Dos imágenes confluyen en mi cerebro. Distantes en el tiempo y en la geografía. Incomparables en los calibres de los respectivos poderes implicados. Coincidentes en su sustrato metafórico. Hace unas semanas, una obispa de la Iglesia Episcopal (cristiana) estadounidense se dirigió al presidente Trump en un oficio religioso celebrado en la catedral de Washington. Los términos de su intervención provocaron un furor contenido en el semblante del mandatario. La obispa, serena y clara, abogó por la defensa de los más débiles ante los expeditivos propósitos presidenciales con determinados colectivos.
Un mandamiento básico de esta confesión, con décadas de igualdad de género en su seno. Hace más de cinco, en pleno tardofranquismo, el cinturón industrial de Pamplona era un polvorín de reivindicaciones laborales y salariales. Un conflicto detonaba la solidaridad de clase: paros, manifestaciones, encierros. Huelgas generales. En 1975, el conflicto en Potasas de Navarra suscitó la solidaridad de unos 20.000 trabajadores de más de 50 empresas importantes, con extensión a comercios y oficinas. La represión policial era severa. Los llamados curas obreros sumaron sus voces desde púlpitos, altares y asambleas.
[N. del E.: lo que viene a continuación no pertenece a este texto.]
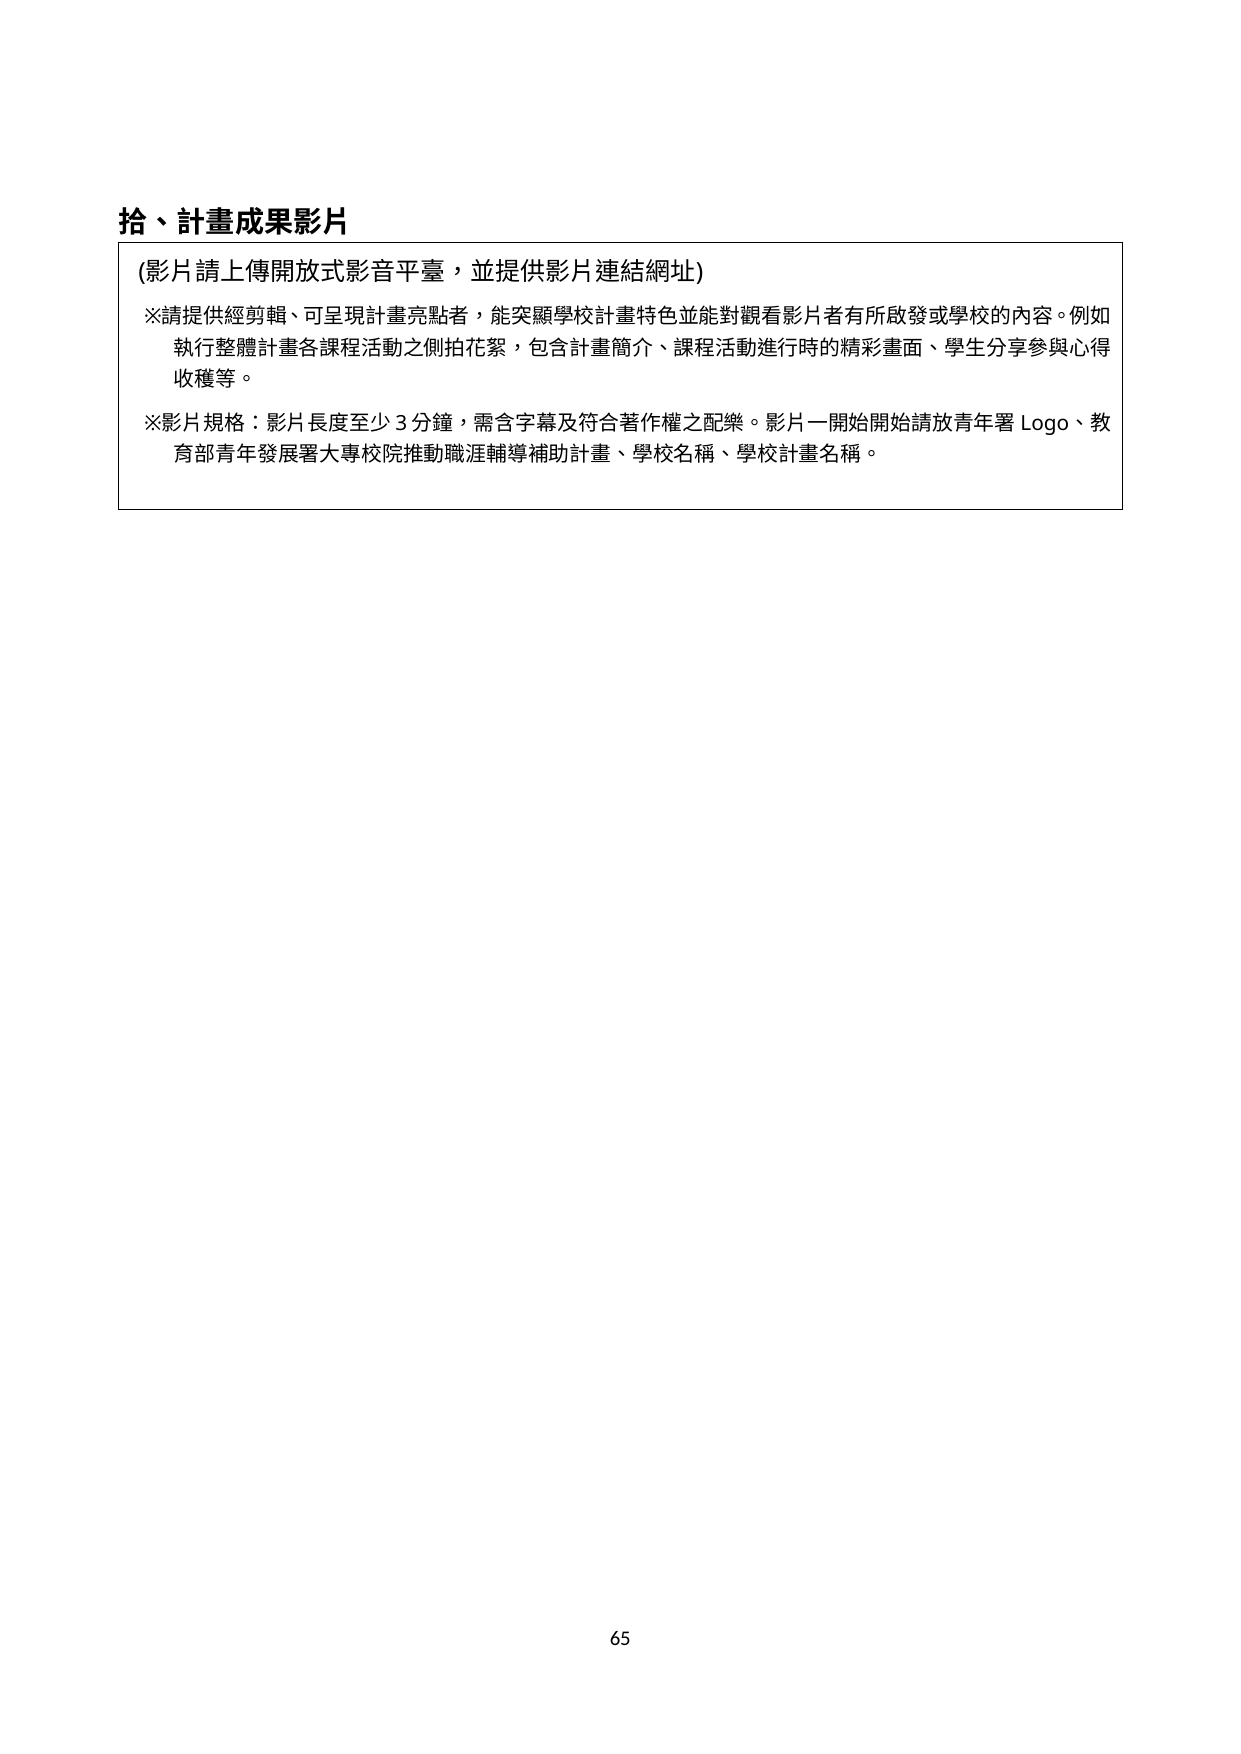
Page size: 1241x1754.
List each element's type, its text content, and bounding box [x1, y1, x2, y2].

Mi actividad profesional me deparó la presencia imprevista en un encuentro infrecuente: despacho del Gobernador Civil (actual edificio de la Delegación del Gobierno), reunión del entonces llamado “poncio” y del Arzobispo de Pamplona. La corpulencia del gobernador Ruiz de Gordoa (1972-76) contrastaba con la figura menuda de monseñor José Méndez Asensio (1971-78). También confrontaban actitudes y sensibilidades. El prelado intercedió por detenidos y sancionados y pidió respeto para edificios de la Iglesia refugio ocasional de huelguistas. Méndez dejó en la diócesis impronta de espiritualidad, humildad y sencillez. Inquietud sindical: riesgo de desmantelamiento de industrias. Ya no nos reconocemos en aquella sociedad. Luchadora y solidaria.